The entitlement to the purchase price is unaffected by the missing CE mark on the dental treatment unit, which means that this question may be left open and no clarification by means of witness evidence is required.
Factually, the parties do not dispute that the treatment unit meets the technical requirements for bearing a CE mark. Claimants have in this respect produced all certificates.
The defendant only alleges that the mark itself is absent from the treatment unit. In contrast to the straight-forward case where an article that bears a mark or lacks a mark does not meet the requirements for issuance of the mark, this does not constitute, a material defect in the acquired treatment unit however.
The term material defect is defined in § 434 BGB. According to Sentence 1, the agreed quality of the article needs to be considered in the first step; a specific quality was not agreed in this case. According to Sentence 2, one then needs to examine the suitability for the use presupposed according to the contract, otherwise the suitability for ordinary use when the article is of a quality that is customary for articles of the same kind and that the buyer can expect for articles of this kind.
The ability by the defendant to use the acquired treatment unit as intended is not contested in the present case. The defendant uses the unit as intended in her consulting rooms, as apparent on the one hand from the correspondence subsequent to the technician visit on 05.10.2010, but also from the notice given in respect of the burst fresh water tank, which was first raised in the letter dated 07.06.2011. Apart from the point just mentioned, which will be discussed in more detail later, they claimed no material defects in the classical sense.
The treatment unit is generally designed in the customary manner and in the manner that a buyer can expect. To put it pointedly, the defendant merely complains about a missing sticker, though one that should be present according to the provisions of the MPG [Medical Device Law].
The evaluation of this constellation in terms of warranty law has not been object of case law as far as we can see, in contrast to the opposite case where a device bears a CE mark but does not meet the corresponding technical requirements.
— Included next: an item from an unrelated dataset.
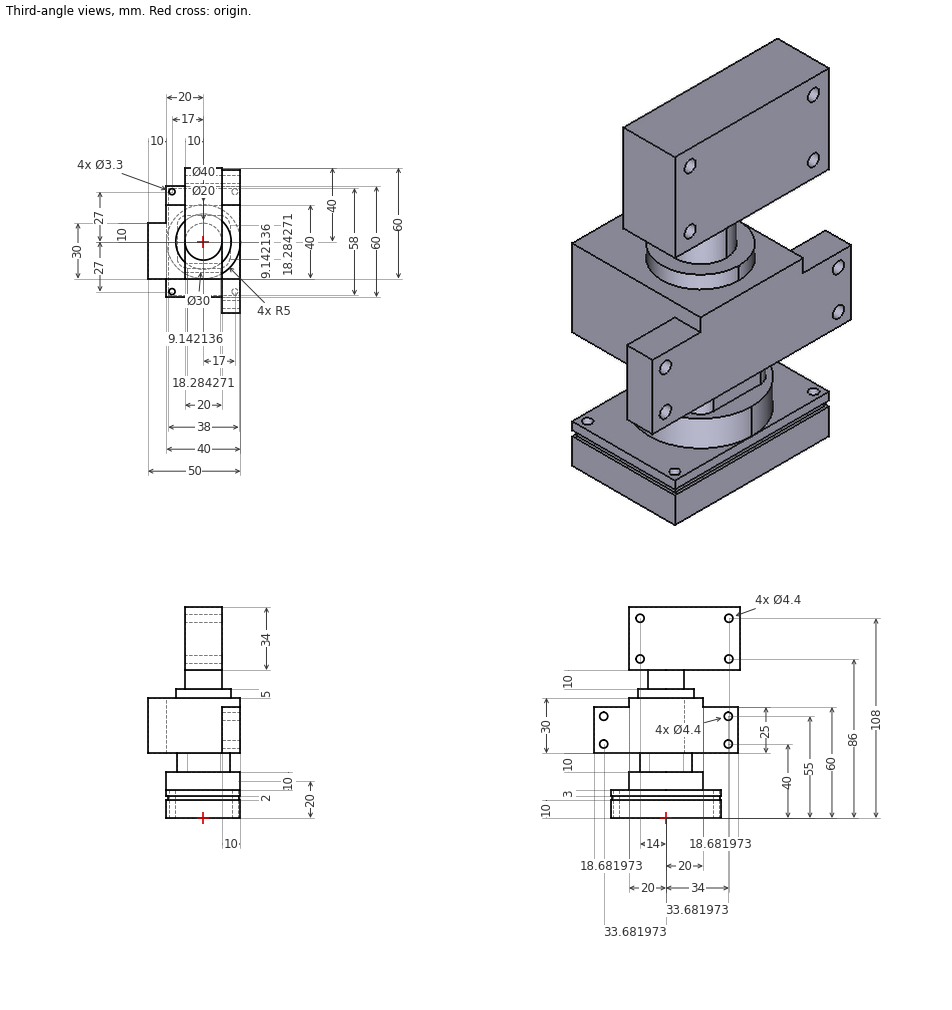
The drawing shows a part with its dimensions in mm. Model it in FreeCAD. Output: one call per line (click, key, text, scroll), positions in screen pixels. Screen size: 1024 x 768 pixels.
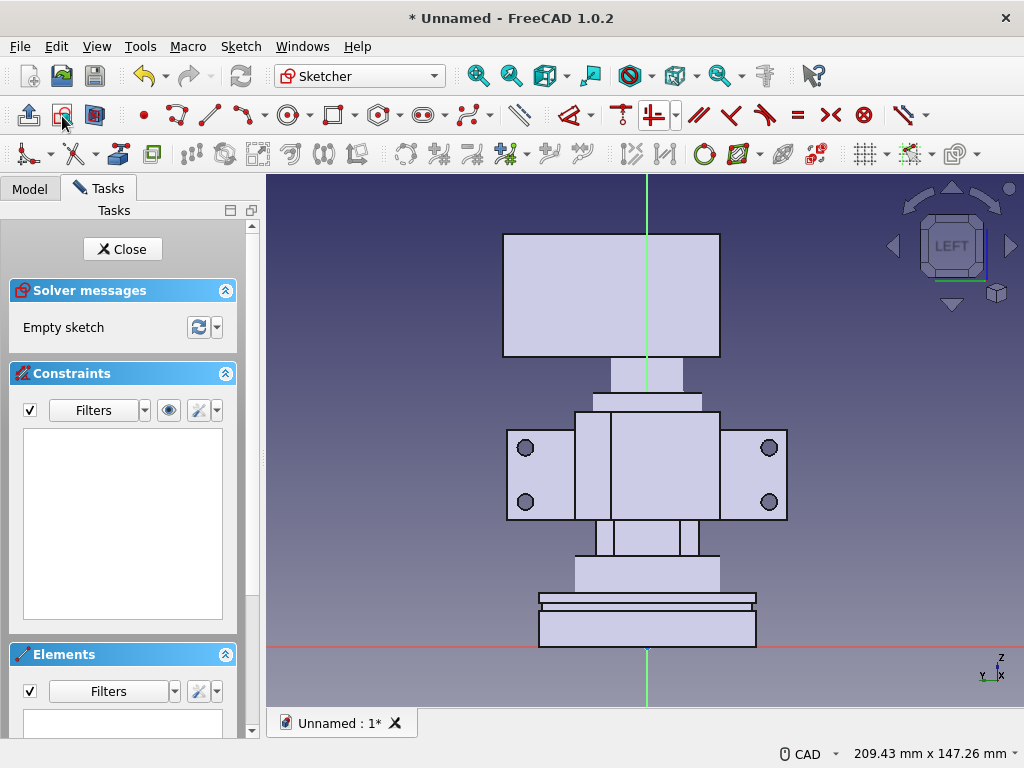
key(g)
key(c)

As far as we can see, only Niebling, in DB 1996, 80 ff., has examined this question and found in general that a qualitatively irreproachable article does not suffer from a material defect merely because the mark is missing. He also argues that an impaired ability to re-sell the article does not exist in law, as only the initial making available in the market and beginning to use are covered by criminal or monetary penalties. Only an economic disadvantage could arise from this, but this is likely to be irrelevant from the perspective of warranty law. The situation is only clear if an importer acquires articles that do not bear a mark outside the European Economic Area, as the importer is not authorised to place such articles on the market, but this only concerns the contractual relationship between manufacturer and importer, not between the importer and the ultimate customer. In this latter relationship, the negation of the relevance of the lack in terms of warranty law for material defects is upheld as a matter of principle.
Any damages that the defendant may have suffered owing to the missing mark in this constellation, would need to be captured via § 280 BGB. Corresponding damage claims, which may arise from §§ 42 Para. 1, 41 No. 2 MPG among others, have not been submitted.
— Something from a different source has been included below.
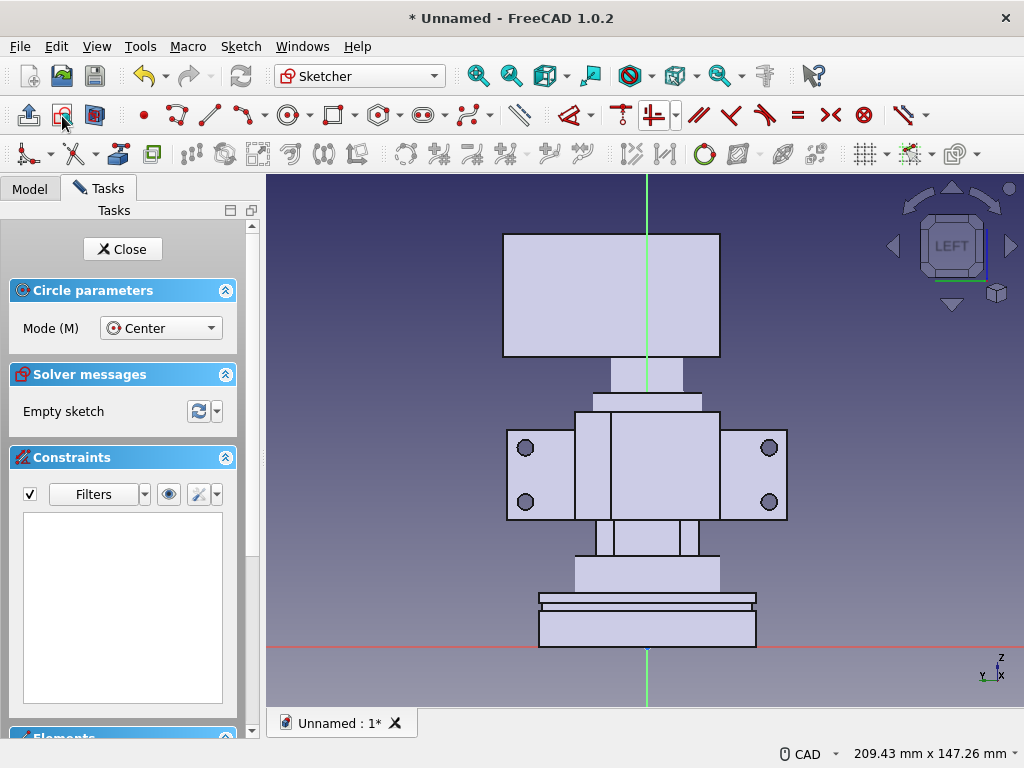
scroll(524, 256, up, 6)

The missing mark also does not constitute a legal defect according to § 435 BGB, as no third-party rights in the article of any kind can be discerned.
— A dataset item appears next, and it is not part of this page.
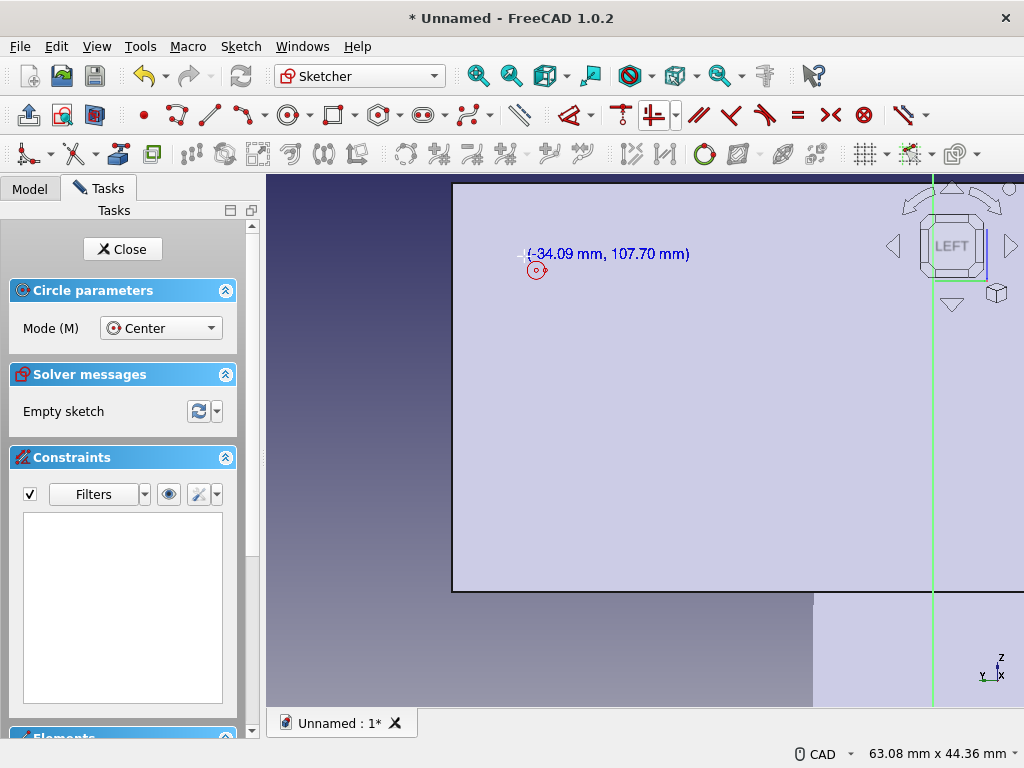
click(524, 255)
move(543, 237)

With respect to the burst fresh water tank, the claimant may be entitled to warranty or guarantee claims in the first instance. This does not affect that the purchase price has fallen due for payment. The defendant has not claimed a right of retention in this respect. For this reason, there was no need to re-open oral proceedings to provide an opportunity to the claimant to comment on this new submission.